Interruptions in Roman Comedy: Gender, Status, and Power in Interaction
The article addresses the pragmatic and sociolinguistic constraints of interrupting in Roman comedy. It starts with a redefinition of the phenomenon informed by the methods of Conversation Analysis (CA): apart from syntactically incomplete utterances (as a result of interruptions by others), the analysis also includes the cases of interruptions reported by the characters. Furthermore, a distinction is made between intrusive (disaligning) interventions and other forms of competitive turn encroachments.

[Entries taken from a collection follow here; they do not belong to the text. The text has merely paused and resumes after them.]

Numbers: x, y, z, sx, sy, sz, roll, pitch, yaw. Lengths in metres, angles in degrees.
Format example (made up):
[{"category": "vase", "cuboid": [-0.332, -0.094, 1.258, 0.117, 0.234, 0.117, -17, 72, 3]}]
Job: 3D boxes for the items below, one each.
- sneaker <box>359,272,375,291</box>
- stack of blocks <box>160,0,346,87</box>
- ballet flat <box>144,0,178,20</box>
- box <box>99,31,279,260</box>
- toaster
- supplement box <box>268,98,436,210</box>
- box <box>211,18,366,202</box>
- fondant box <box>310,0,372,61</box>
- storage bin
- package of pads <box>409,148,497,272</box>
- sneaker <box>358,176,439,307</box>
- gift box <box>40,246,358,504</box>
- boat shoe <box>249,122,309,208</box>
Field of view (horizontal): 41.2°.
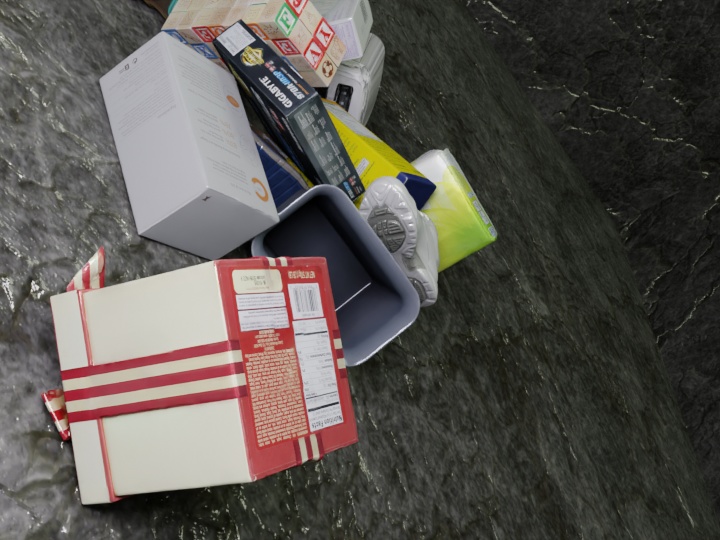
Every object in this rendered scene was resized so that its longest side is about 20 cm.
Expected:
[{"category": "sneaker", "cuboid": [0.000, 0.000, 1.257, 0.200, 0.087, 0.074, 61, 14, -2]}, {"category": "stack of blocks", "cuboid": [-0.131, -0.281, 1.162, 0.115, 0.200, 0.059, 45, 63, -45]}, {"category": "ballet flat", "cuboid": [-0.252, -0.360, 1.212, 0.072, 0.068, 0.200, 50, 19, 30]}, {"category": "box", "cuboid": [-0.182, -0.129, 1.018, 0.124, 0.097, 0.200, 23, 42, -57]}, {"category": "toaster", "cuboid": [-0.038, -0.257, 1.413, 0.113, 0.200, 0.129, 18, 33, 1]}, {"category": "supplement box", "cuboid": [-0.019, -0.133, 1.269, 0.200, 0.110, 0.109, 42, 16, 20]}, {"category": "box", "cuboid": [-0.079, -0.176, 1.110, 0.159, 0.046, 0.200, 48, -6, 31]}, {"category": "fondant box", "cuboid": [-0.091, -0.321, 1.304, 0.144, 0.200, 0.058, -79, 155, -57]}, {"category": "storage bin", "cuboid": [-0.047, 0.001, 1.132, 0.200, 0.145, 0.134, 53, -4, -18]}, {"category": "package of pads", "cuboid": [0.072, -0.064, 1.350, 0.155, 0.200, 0.068, 60, 16, -1]}, {"category": "sneaker", "cuboid": [0.052, -0.050, 1.185, 0.200, 0.078, 0.099, 70, 29, -44]}, {"category": "gift box", "cuboid": [-0.128, 0.070, 0.770, 0.184, 0.186, 0.200, 7, 72, -61]}, {"category": "boat shoe", "cuboid": [-0.121, -0.133, 1.191, 0.200, 0.072, 0.072, 51, 15, -32]}]

The term ‘interruptions’, however, has been reserved only for the former, antagonistic type which serves to express disagreement and disinterest or to usurp the speaking turn. Using the revised criteria, the article proceeds to comment on quantitative data extracted from all the extant plays by Plautus and Terence. Accordingly, interruptions are viewed in relation to gender, age and status of the speakers, whereas some more detailed analysis concerns male and female citizens, prostitutes and servants. After comparing every character’s share of talk with their proportional use of turn incursions (both collaborative and disruptive), it is argued that the violation of the turn-exchange system is significantly associated with some interlocutors and less so with others. The last section presents interrupting as a pragmatic means of exerting power in interaction while discussing the phenomenon also from a (sociolinguistic) cross-gender perspective.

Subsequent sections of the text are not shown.